* [Assignment]:
Retype the data that follows line by line, exactly, and leave its pictures out.
*** Opening Material provided ***
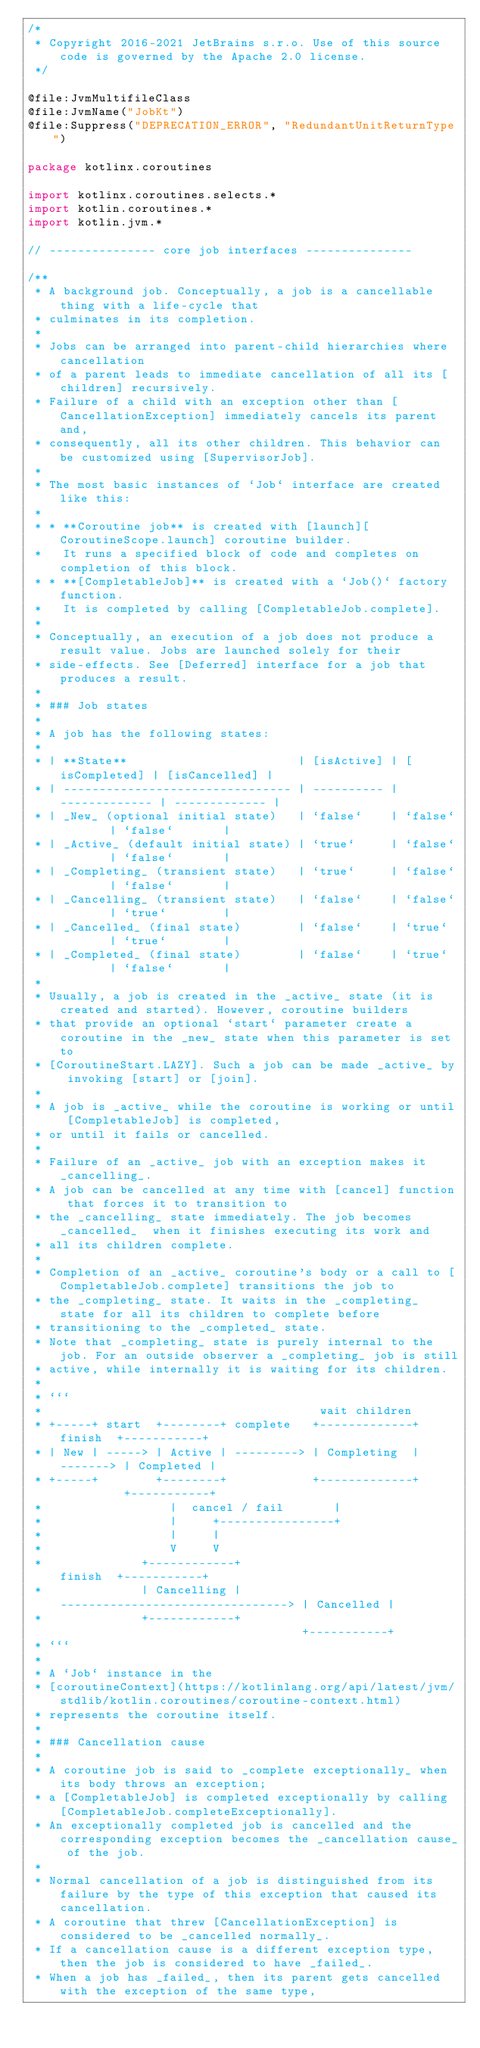Convert code to text. <code><loc_0><loc_0><loc_500><loc_500><_Kotlin_>/*
 * Copyright 2016-2021 JetBrains s.r.o. Use of this source code is governed by the Apache 2.0 license.
 */

@file:JvmMultifileClass
@file:JvmName("JobKt")
@file:Suppress("DEPRECATION_ERROR", "RedundantUnitReturnType")

package kotlinx.coroutines

import kotlinx.coroutines.selects.*
import kotlin.coroutines.*
import kotlin.jvm.*

// --------------- core job interfaces ---------------

/**
 * A background job. Conceptually, a job is a cancellable thing with a life-cycle that
 * culminates in its completion.
 *
 * Jobs can be arranged into parent-child hierarchies where cancellation
 * of a parent leads to immediate cancellation of all its [children] recursively.
 * Failure of a child with an exception other than [CancellationException] immediately cancels its parent and,
 * consequently, all its other children. This behavior can be customized using [SupervisorJob].
 *
 * The most basic instances of `Job` interface are created like this:
 *
 * * **Coroutine job** is created with [launch][CoroutineScope.launch] coroutine builder.
 *   It runs a specified block of code and completes on completion of this block.
 * * **[CompletableJob]** is created with a `Job()` factory function.
 *   It is completed by calling [CompletableJob.complete].
 *
 * Conceptually, an execution of a job does not produce a result value. Jobs are launched solely for their
 * side-effects. See [Deferred] interface for a job that produces a result.
 *
 * ### Job states
 *
 * A job has the following states:
 *
 * | **State**                        | [isActive] | [isCompleted] | [isCancelled] |
 * | -------------------------------- | ---------- | ------------- | ------------- |
 * | _New_ (optional initial state)   | `false`    | `false`       | `false`       |
 * | _Active_ (default initial state) | `true`     | `false`       | `false`       |
 * | _Completing_ (transient state)   | `true`     | `false`       | `false`       |
 * | _Cancelling_ (transient state)   | `false`    | `false`       | `true`        |
 * | _Cancelled_ (final state)        | `false`    | `true`        | `true`        |
 * | _Completed_ (final state)        | `false`    | `true`        | `false`       |
 *
 * Usually, a job is created in the _active_ state (it is created and started). However, coroutine builders
 * that provide an optional `start` parameter create a coroutine in the _new_ state when this parameter is set to
 * [CoroutineStart.LAZY]. Such a job can be made _active_ by invoking [start] or [join].
 *
 * A job is _active_ while the coroutine is working or until [CompletableJob] is completed,
 * or until it fails or cancelled.
 *
 * Failure of an _active_ job with an exception makes it _cancelling_.
 * A job can be cancelled at any time with [cancel] function that forces it to transition to
 * the _cancelling_ state immediately. The job becomes _cancelled_  when it finishes executing its work and
 * all its children complete.
 *
 * Completion of an _active_ coroutine's body or a call to [CompletableJob.complete] transitions the job to
 * the _completing_ state. It waits in the _completing_ state for all its children to complete before
 * transitioning to the _completed_ state.
 * Note that _completing_ state is purely internal to the job. For an outside observer a _completing_ job is still
 * active, while internally it is waiting for its children.
 *
 * ```
 *                                       wait children
 * +-----+ start  +--------+ complete   +-------------+  finish  +-----------+
 * | New | -----> | Active | ---------> | Completing  | -------> | Completed |
 * +-----+        +--------+            +-------------+          +-----------+
 *                  |  cancel / fail       |
 *                  |     +----------------+
 *                  |     |
 *                  V     V
 *              +------------+                           finish  +-----------+
 *              | Cancelling | --------------------------------> | Cancelled |
 *              +------------+                                   +-----------+
 * ```
 *
 * A `Job` instance in the
 * [coroutineContext](https://kotlinlang.org/api/latest/jvm/stdlib/kotlin.coroutines/coroutine-context.html)
 * represents the coroutine itself.
 *
 * ### Cancellation cause
 *
 * A coroutine job is said to _complete exceptionally_ when its body throws an exception;
 * a [CompletableJob] is completed exceptionally by calling [CompletableJob.completeExceptionally].
 * An exceptionally completed job is cancelled and the corresponding exception becomes the _cancellation cause_ of the job.
 *
 * Normal cancellation of a job is distinguished from its failure by the type of this exception that caused its cancellation.
 * A coroutine that threw [CancellationException] is considered to be _cancelled normally_.
 * If a cancellation cause is a different exception type, then the job is considered to have _failed_.
 * When a job has _failed_, then its parent gets cancelled with the exception of the same type,</code> 
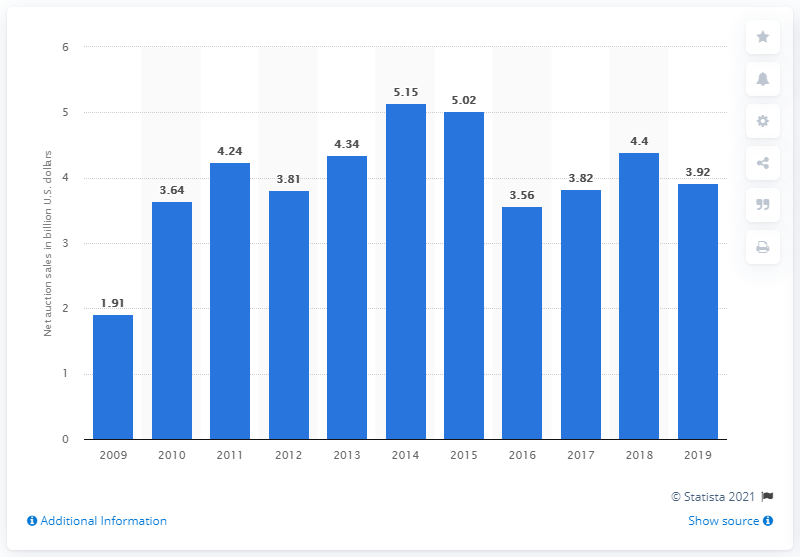Outline some significant characteristics in this image. In the previous year, Sotheby's net auction sales were 4.4 billion. In 2019, Sotheby's net auction sales were 3.92 billion dollars. 
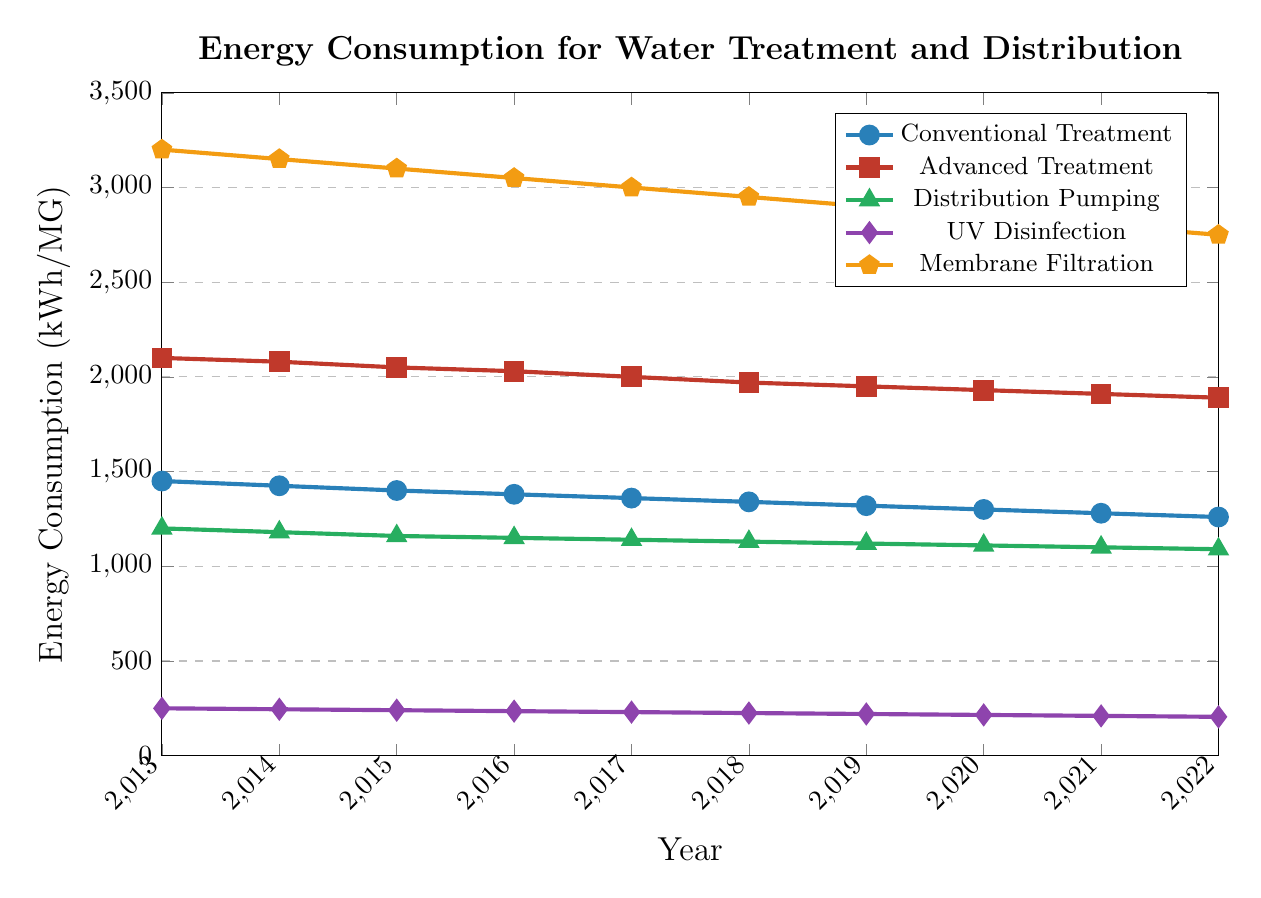What's the trend for energy consumption in Conventional Treatment from 2013 to 2022? The energy consumption for Conventional Treatment steadily decreases each year. By looking at the line representing Conventional Treatment, you can observe a downward slope from 1450 kWh/MG in 2013 to 1260 kWh/MG in 2022.
Answer: Steady decrease Which process had the highest energy consumption in 2022? By examining the vertical positions of the lines at the year 2022, Membrane Filtration at 2750 kWh/MG is the highest.
Answer: Membrane Filtration How much did energy consumption for Membrane Filtration decrease from 2013 to 2022? Calculate the difference between the values of Membrane Filtration in 2013 and 2022: 3200 kWh/MG - 2750 kWh/MG.
Answer: 450 kWh/MG Which water treatment process showed the least amount of change over the years? By comparing the slopes of all the lines, UV Disinfection has the smallest slope, moving from 250 kWh/MG in 2013 to 205 kWh/MG in 2022.
Answer: UV Disinfection In which year did Advanced Treatment consume 2000 kWh/MG? Locate the point on the Advanced Treatment line that intersects with 2000 kWh/MG on the y-axis. This point is in the year 2017.
Answer: 2017 What is the combined energy consumption of Conventional and Advanced Treatment in 2016? Add the energy consumption values for Conventional Treatment (1380 kWh/MG) and Advanced Treatment (2030 kWh/MG) for the year 2016.
Answer: 3410 kWh/MG How does the energy consumption of Distribution Pumping in 2022 compare to UV Disinfection in 2017? Compare the values for Distribution Pumping in 2022 (1090 kWh/MG) and UV Disinfection in 2017 (230 kWh/MG).
Answer: 1090 kWh/MG is much higher than 230 kWh/MG Which process had the lowest energy consumption in 2013? Identify the lowest point among the processes for the year 2013. UV Disinfection has the lowest value at 250 kWh/MG.
Answer: UV Disinfection What's the average decrease in energy consumption per year for Membrane Filtration from 2013 to 2018? Calculate the total decrease from 2013 to 2018 (3200 kWh/MG - 2950 kWh/MG = 250 kWh/MG) and divide by the number of years: 250 kWh/MG / 5 years.
Answer: 50 kWh/MG per year Compare the rate of decrease in energy consumption between Conventional Treatment and Distribution Pumping over the decade. 1. Find the decrease for each: 
   - Conventional Treatment: 1450 kWh/MG in 2013 to 1260 kWh/MG in 2022 (1450 - 1260 = 190 kWh/MG)
   - Distribution Pumping: 1200 kWh/MG in 2013 to 1090 kWh/MG in 2022 (1200 - 1090 = 110 kWh/MG)
2. Determine that Conventional Treatment has a greater decrease (190 kWh/MG vs. 110 kWh/MG).
Answer: Conventional Treatment has a greater rate of decrease 
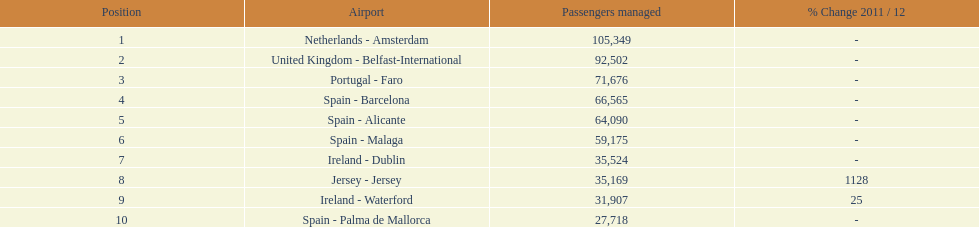How many passengers were handled in an airport in spain? 217,548.
*** Closing Material provided ***
* [The completed task]:
Convert code to text. <code><loc_0><loc_0><loc_500><loc_500><_Kotlin_>/*
 * Copyright 2016-2021 JetBrains s.r.o. Use of this source code is governed by the Apache 2.0 license.
 */

@file:JvmMultifileClass
@file:JvmName("JobKt")
@file:Suppress("DEPRECATION_ERROR", "RedundantUnitReturnType")

package kotlinx.coroutines

import kotlinx.coroutines.selects.*
import kotlin.coroutines.*
import kotlin.jvm.*

// --------------- core job interfaces ---------------

/**
 * A background job. Conceptually, a job is a cancellable thing with a life-cycle that
 * culminates in its completion.
 *
 * Jobs can be arranged into parent-child hierarchies where cancellation
 * of a parent leads to immediate cancellation of all its [children] recursively.
 * Failure of a child with an exception other than [CancellationException] immediately cancels its parent and,
 * consequently, all its other children. This behavior can be customized using [SupervisorJob].
 *
 * The most basic instances of `Job` interface are created like this:
 *
 * * **Coroutine job** is created with [launch][CoroutineScope.launch] coroutine builder.
 *   It runs a specified block of code and completes on completion of this block.
 * * **[CompletableJob]** is created with a `Job()` factory function.
 *   It is completed by calling [CompletableJob.complete].
 *
 * Conceptually, an execution of a job does not produce a result value. Jobs are launched solely for their
 * side-effects. See [Deferred] interface for a job that produces a result.
 *
 * ### Job states
 *
 * A job has the following states:
 *
 * | **State**                        | [isActive] | [isCompleted] | [isCancelled] |
 * | -------------------------------- | ---------- | ------------- | ------------- |
 * | _New_ (optional initial state)   | `false`    | `false`       | `false`       |
 * | _Active_ (default initial state) | `true`     | `false`       | `false`       |
 * | _Completing_ (transient state)   | `true`     | `false`       | `false`       |
 * | _Cancelling_ (transient state)   | `false`    | `false`       | `true`        |
 * | _Cancelled_ (final state)        | `false`    | `true`        | `true`        |
 * | _Completed_ (final state)        | `false`    | `true`        | `false`       |
 *
 * Usually, a job is created in the _active_ state (it is created and started). However, coroutine builders
 * that provide an optional `start` parameter create a coroutine in the _new_ state when this parameter is set to
 * [CoroutineStart.LAZY]. Such a job can be made _active_ by invoking [start] or [join].
 *
 * A job is _active_ while the coroutine is working or until [CompletableJob] is completed,
 * or until it fails or cancelled.
 *
 * Failure of an _active_ job with an exception makes it _cancelling_.
 * A job can be cancelled at any time with [cancel] function that forces it to transition to
 * the _cancelling_ state immediately. The job becomes _cancelled_  when it finishes executing its work and
 * all its children complete.
 *
 * Completion of an _active_ coroutine's body or a call to [CompletableJob.complete] transitions the job to
 * the _completing_ state. It waits in the _completing_ state for all its children to complete before
 * transitioning to the _completed_ state.
 * Note that _completing_ state is purely internal to the job. For an outside observer a _completing_ job is still
 * active, while internally it is waiting for its children.
 *
 * ```
 *                                       wait children
 * +-----+ start  +--------+ complete   +-------------+  finish  +-----------+
 * | New | -----> | Active | ---------> | Completing  | -------> | Completed |
 * +-----+        +--------+            +-------------+          +-----------+
 *                  |  cancel / fail       |
 *                  |     +----------------+
 *                  |     |
 *                  V     V
 *              +------------+                           finish  +-----------+
 *              | Cancelling | --------------------------------> | Cancelled |
 *              +------------+                                   +-----------+
 * ```
 *
 * A `Job` instance in the
 * [coroutineContext](https://kotlinlang.org/api/latest/jvm/stdlib/kotlin.coroutines/coroutine-context.html)
 * represents the coroutine itself.
 *
 * ### Cancellation cause
 *
 * A coroutine job is said to _complete exceptionally_ when its body throws an exception;
 * a [CompletableJob] is completed exceptionally by calling [CompletableJob.completeExceptionally].
 * An exceptionally completed job is cancelled and the corresponding exception becomes the _cancellation cause_ of the job.
 *
 * Normal cancellation of a job is distinguished from its failure by the type of this exception that caused its cancellation.
 * A coroutine that threw [CancellationException] is considered to be _cancelled normally_.
 * If a cancellation cause is a different exception type, then the job is considered to have _failed_.
 * When a job has _failed_, then its parent gets cancelled with the exception of the same type,</code> 
Outline some significant characteristics in this image. In the previous year, Sotheby's net auction sales were 4.4 billion. In 2019, Sotheby's net auction sales were 3.92 billion dollars. 
What's the trend for energy consumption in Conventional Treatment from 2013 to 2022? The energy consumption for Conventional Treatment steadily decreases each year. By looking at the line representing Conventional Treatment, you can observe a downward slope from 1450 kWh/MG in 2013 to 1260 kWh/MG in 2022.
Answer: Steady decrease Which process had the highest energy consumption in 2022? By examining the vertical positions of the lines at the year 2022, Membrane Filtration at 2750 kWh/MG is the highest.
Answer: Membrane Filtration How much did energy consumption for Membrane Filtration decrease from 2013 to 2022? Calculate the difference between the values of Membrane Filtration in 2013 and 2022: 3200 kWh/MG - 2750 kWh/MG.
Answer: 450 kWh/MG Which water treatment process showed the least amount of change over the years? By comparing the slopes of all the lines, UV Disinfection has the smallest slope, moving from 250 kWh/MG in 2013 to 205 kWh/MG in 2022.
Answer: UV Disinfection In which year did Advanced Treatment consume 2000 kWh/MG? Locate the point on the Advanced Treatment line that intersects with 2000 kWh/MG on the y-axis. This point is in the year 2017.
Answer: 2017 What is the combined energy consumption of Conventional and Advanced Treatment in 2016? Add the energy consumption values for Conventional Treatment (1380 kWh/MG) and Advanced Treatment (2030 kWh/MG) for the year 2016.
Answer: 3410 kWh/MG How does the energy consumption of Distribution Pumping in 2022 compare to UV Disinfection in 2017? Compare the values for Distribution Pumping in 2022 (1090 kWh/MG) and UV Disinfection in 2017 (230 kWh/MG).
Answer: 1090 kWh/MG is much higher than 230 kWh/MG Which process had the lowest energy consumption in 2013? Identify the lowest point among the processes for the year 2013. UV Disinfection has the lowest value at 250 kWh/MG.
Answer: UV Disinfection What's the average decrease in energy consumption per year for Membrane Filtration from 2013 to 2018? Calculate the total decrease from 2013 to 2018 (3200 kWh/MG - 2950 kWh/MG = 250 kWh/MG) and divide by the number of years: 250 kWh/MG / 5 years.
Answer: 50 kWh/MG per year Compare the rate of decrease in energy consumption between Conventional Treatment and Distribution Pumping over the decade. 1. Find the decrease for each: 
   - Conventional Treatment: 1450 kWh/MG in 2013 to 1260 kWh/MG in 2022 (1450 - 1260 = 190 kWh/MG)
   - Distribution Pumping: 1200 kWh/MG in 2013 to 1090 kWh/MG in 2022 (1200 - 1090 = 110 kWh/MG)
2. Determine that Conventional Treatment has a greater decrease (190 kWh/MG vs. 110 kWh/MG).
Answer: Conventional Treatment has a greater rate of decrease 
How many passengers were handled in an airport in spain? 217,548.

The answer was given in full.